Charlie lived in the country with his father, his stepmother, a stepbrother, a stepsister, and a half-sister. His dad worked at a paper mill outside Dallas. His mother had moved to Del Rio after his parents divorced, and he saw her only once or twice a year. An avid hunter, he spent much of his time fishing and tracking wild hogs through the brush, and like most of his friends, he was proficient with a firearm. He planned to go on active duty after graduation. He had never been arrested, and at school, he had no serious disciplinary problems—but he was hotheaded, and other students knew it was easy to get a rise out of him. “Some guys would really tease him and pick at him until he would get angry,” remembered a classmate. Charlie might strike his desk or storm out of the classroom when he was provoked, but he usually walked away from a fight.

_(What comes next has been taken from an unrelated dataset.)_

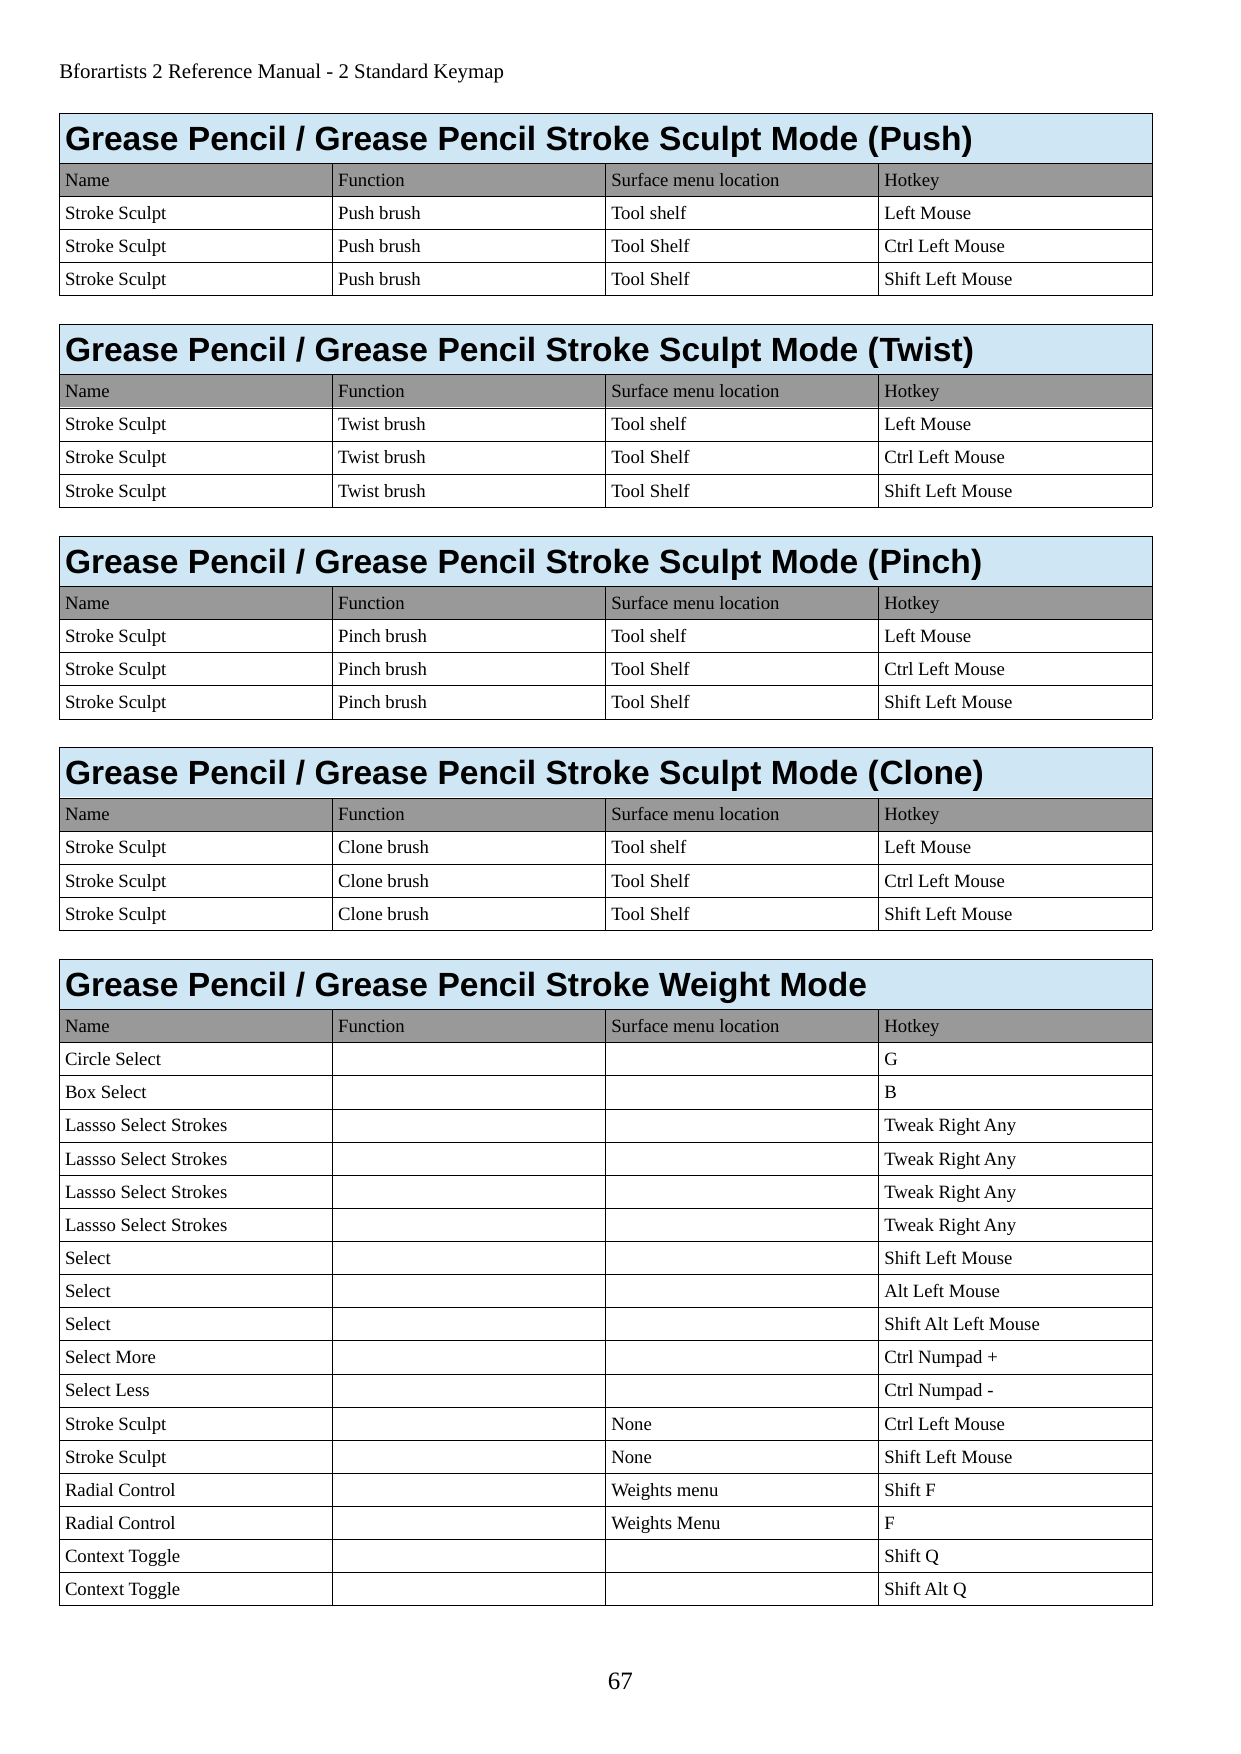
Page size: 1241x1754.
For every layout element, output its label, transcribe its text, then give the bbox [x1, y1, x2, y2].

Throughout the fall, Charlie visited the Sonic to see Erin. For Halloween, she dressed up as a fifties carhop, coasting around the Sonic in a homemade pink-and-white poodle skirt with a pink scarf knotted at her neck. Shortly after that he worked up the nerve to ask her out. She was instantly taken with him, and Charlie too seemed to be infatuated. “He was totally in love with her and considered her his soul mate,” Dion Kipp Jr., a friend of Charlie’s, later told investigators. “Charlie talked about Erin twenty-four-seven.” Though the Caffeys would not allow Charlie to take Erin out alone, the two teenagers still managed to spend much of their time together. Charlie dropped by the Sonic every afternoon during Erin’s half-hour break, and at night, he was a frequent guest at the Caffeys’ house. If Erin and her brothers built a bonfire in the backyard after supper, as they often did, he lingered by her side. At nine o’clock, the Caffeys made sure that Charlie was headed for the door—but after he said goodbye, Erin usually called him and talked to him until her ten o’clock phone curfew. (On the weekends, they had until eleven.) Charlie also began attending church at Miracle Faith. “What I knew of Charlie, he seemed like a nice boy,” said Pastor McGahee. “I don’t think anyone worried about him and Erin at first. We thought it was just puppy love.”